Where the line containing "Lengths in metres" appears in the records below, begin there and repeat each line exactly through the final one, dropping all pictures.

===== INPUT

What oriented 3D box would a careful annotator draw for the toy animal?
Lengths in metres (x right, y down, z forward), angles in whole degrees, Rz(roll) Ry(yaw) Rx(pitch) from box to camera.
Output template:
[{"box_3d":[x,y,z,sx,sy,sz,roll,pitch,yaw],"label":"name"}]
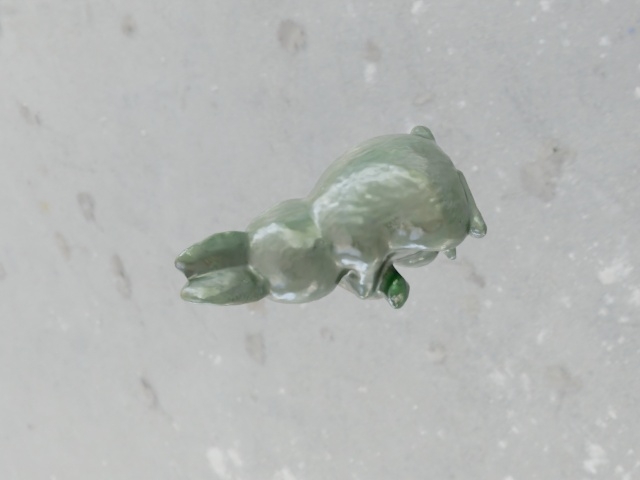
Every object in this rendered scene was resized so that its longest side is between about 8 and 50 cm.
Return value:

==========

## EXERCISE SOLUTION:
Lengths in metres (x right, y down, z forward), angles in whole degrees, Rz(roll) Ry(yaw) Rx(pitch) from box to camera.
Output template:
[{"box_3d":[x,y,z,sx,sy,sz,roll,pitch,yaw],"label":"name"}]
Every object in this rendered scene was resized so that its longest side is between about 8 and 50 cm.
Return value:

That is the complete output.